Suppressed History: France Massacred 45,000 Algerians While Europe Celebrated VE Day (May 8, 1945)

Summary

On the same day (May 8th, 1945) that Europe celebrated victory over Nazi Germany, French colonial forces opened fire on Algerian civilians and massacred up to 45,000 people over the following weeks.

French authorities censored news of the massacre and Western textbooks rarely mention it alongside the May 8th VE Day celebrations.

From Parade to Massacre

On May 8, 1945, the French authorized a victory parade to celebrate Nazi Germany's surrender. Only the French flag was allowed at the protest, but as thousands of Algerians gathered in the town of Setif, some of the demonstrators carried Algerian flags and changed independence slogans, while others called for the release of political prisoners.

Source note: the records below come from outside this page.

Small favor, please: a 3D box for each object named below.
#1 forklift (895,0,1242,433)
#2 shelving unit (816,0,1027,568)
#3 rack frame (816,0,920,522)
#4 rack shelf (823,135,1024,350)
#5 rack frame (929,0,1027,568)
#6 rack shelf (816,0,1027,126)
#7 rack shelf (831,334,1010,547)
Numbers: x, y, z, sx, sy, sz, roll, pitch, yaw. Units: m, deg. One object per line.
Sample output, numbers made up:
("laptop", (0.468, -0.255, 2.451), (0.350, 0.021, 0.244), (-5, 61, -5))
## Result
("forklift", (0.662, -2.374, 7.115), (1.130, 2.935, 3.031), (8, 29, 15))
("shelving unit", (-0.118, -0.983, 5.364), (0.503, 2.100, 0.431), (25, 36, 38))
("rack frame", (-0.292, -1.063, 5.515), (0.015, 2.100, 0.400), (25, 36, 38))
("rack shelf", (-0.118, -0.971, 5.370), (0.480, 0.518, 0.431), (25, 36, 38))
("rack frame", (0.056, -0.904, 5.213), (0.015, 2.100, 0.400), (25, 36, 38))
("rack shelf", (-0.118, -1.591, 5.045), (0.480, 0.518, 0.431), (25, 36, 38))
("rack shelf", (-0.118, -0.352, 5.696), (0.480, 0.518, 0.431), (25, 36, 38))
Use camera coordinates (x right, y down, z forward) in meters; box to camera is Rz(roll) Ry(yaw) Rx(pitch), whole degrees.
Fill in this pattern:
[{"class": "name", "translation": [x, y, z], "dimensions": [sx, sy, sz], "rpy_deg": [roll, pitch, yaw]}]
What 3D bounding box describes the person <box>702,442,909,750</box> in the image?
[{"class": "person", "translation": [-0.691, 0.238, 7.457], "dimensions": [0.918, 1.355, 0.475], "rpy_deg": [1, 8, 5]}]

The tipping point was when a French police officer killed a young Algerian man, Bouzid Saal, who was carrying an Algerian flag. This turned the peaceful demonstration into an angry mob, and over the next several hours their attacks on the colonists would leave 102 settlers dead.

The French military's response to this was a disproportiante massacre, with the most reliable estimates of Algerians killed being between 30,000-45,000.

The Suppression

Tens of thousands (by some estimates up to 134,000) Algerian forces were mobilized during World War II, of which 18,000 died while liberating France and more broadly, Europe. Despite their sacrifices in the war, many of these Algerian soldiers returned home to find their families massacred.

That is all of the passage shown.